┌─ Dataset extract
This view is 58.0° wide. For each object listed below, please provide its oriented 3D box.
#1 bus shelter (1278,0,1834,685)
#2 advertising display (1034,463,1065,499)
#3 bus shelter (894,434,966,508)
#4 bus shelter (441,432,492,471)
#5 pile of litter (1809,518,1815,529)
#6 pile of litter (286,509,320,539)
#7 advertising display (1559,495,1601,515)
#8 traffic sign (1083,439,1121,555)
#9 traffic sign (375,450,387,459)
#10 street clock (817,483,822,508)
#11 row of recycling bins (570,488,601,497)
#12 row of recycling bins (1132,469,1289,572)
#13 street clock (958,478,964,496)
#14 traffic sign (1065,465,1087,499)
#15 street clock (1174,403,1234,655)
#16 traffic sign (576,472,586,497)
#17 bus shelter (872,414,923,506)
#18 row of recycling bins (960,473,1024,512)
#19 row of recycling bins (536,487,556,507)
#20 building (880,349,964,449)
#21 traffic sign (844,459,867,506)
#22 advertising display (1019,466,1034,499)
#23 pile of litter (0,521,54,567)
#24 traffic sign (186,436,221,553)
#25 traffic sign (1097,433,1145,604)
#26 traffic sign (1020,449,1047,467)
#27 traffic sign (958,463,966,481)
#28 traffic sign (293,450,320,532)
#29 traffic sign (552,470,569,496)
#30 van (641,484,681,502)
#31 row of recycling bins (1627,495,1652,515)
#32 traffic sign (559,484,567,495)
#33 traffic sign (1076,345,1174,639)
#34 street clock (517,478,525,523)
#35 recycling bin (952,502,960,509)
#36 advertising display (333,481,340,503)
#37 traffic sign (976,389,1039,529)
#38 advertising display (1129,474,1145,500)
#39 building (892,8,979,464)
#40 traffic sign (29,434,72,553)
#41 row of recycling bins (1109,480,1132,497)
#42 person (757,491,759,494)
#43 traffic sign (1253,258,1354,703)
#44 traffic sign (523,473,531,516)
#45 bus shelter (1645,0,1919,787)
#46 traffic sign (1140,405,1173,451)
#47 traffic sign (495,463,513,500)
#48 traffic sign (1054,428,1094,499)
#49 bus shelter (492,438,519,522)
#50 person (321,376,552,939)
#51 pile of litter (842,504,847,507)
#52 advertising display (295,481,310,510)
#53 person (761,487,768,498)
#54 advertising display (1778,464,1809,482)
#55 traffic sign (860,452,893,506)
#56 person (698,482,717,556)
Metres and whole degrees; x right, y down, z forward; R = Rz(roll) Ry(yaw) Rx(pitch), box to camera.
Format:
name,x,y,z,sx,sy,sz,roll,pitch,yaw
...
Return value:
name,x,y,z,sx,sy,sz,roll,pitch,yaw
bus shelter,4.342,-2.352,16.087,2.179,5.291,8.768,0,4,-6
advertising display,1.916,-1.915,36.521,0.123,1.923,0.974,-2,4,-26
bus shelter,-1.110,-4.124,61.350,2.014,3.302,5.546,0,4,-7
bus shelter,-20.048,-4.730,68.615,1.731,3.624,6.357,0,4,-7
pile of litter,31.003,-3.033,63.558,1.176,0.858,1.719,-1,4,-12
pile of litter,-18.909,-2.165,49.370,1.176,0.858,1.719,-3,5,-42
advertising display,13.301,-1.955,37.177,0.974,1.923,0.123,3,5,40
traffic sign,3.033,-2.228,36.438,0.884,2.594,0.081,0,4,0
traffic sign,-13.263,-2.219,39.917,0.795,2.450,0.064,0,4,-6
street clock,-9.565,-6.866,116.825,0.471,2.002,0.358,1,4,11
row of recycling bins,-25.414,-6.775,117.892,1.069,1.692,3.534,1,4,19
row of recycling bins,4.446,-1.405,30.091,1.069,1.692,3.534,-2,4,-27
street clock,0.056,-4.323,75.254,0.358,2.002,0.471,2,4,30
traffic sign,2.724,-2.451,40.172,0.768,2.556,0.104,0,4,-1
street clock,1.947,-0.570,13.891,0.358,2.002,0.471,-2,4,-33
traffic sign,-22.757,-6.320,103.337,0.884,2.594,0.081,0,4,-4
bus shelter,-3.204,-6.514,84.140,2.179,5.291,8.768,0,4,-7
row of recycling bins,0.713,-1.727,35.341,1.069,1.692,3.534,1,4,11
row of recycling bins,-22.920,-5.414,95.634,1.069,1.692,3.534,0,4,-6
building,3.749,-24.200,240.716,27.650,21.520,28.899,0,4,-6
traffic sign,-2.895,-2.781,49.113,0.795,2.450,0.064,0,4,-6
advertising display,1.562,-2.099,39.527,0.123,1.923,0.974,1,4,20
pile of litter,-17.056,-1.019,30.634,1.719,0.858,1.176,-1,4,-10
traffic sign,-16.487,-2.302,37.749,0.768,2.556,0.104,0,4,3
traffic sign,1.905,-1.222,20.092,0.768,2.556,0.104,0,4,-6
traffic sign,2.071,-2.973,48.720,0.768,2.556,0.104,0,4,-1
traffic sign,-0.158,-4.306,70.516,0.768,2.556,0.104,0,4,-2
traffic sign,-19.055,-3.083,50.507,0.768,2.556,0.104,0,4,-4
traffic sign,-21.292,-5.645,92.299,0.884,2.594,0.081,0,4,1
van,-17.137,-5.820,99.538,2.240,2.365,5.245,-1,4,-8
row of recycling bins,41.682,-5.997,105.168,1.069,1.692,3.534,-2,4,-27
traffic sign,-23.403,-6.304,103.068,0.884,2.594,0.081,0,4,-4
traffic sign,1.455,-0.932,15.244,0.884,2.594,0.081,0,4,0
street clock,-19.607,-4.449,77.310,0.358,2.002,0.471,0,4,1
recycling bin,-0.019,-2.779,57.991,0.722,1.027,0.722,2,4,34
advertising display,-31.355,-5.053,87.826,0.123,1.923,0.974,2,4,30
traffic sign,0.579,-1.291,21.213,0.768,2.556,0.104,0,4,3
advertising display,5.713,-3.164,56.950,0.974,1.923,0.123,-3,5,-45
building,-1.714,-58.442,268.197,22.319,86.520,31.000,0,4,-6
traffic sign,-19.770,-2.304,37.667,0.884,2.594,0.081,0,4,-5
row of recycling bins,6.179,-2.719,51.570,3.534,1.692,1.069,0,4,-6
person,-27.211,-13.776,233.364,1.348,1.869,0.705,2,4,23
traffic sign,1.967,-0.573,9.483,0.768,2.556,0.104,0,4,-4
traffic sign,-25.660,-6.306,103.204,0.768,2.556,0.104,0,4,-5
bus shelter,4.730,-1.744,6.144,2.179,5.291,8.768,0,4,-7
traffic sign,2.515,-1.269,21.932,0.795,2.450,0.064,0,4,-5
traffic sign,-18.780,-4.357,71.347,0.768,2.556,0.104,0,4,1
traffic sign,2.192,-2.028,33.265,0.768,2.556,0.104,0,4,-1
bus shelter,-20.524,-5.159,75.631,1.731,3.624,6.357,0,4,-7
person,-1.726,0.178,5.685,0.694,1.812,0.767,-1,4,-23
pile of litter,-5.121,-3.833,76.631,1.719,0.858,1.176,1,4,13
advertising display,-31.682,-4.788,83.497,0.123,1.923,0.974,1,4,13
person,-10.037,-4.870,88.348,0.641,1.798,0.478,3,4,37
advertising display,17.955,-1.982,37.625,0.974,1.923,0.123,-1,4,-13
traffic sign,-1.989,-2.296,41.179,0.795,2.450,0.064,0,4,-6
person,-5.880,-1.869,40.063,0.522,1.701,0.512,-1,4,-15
└─
*Action item:*
Your answer should consist solely of the lines above from the line with "#43 traffic sign (1253,258,1354,703)" to the line with "#49 bus shelter (492,438,519,522)", both included, reproduced exactly.

*Final answer:*
#43 traffic sign (1253,258,1354,703)
#44 traffic sign (523,473,531,516)
#45 bus shelter (1645,0,1919,787)
#46 traffic sign (1140,405,1173,451)
#47 traffic sign (495,463,513,500)
#48 traffic sign (1054,428,1094,499)
#49 bus shelter (492,438,519,522)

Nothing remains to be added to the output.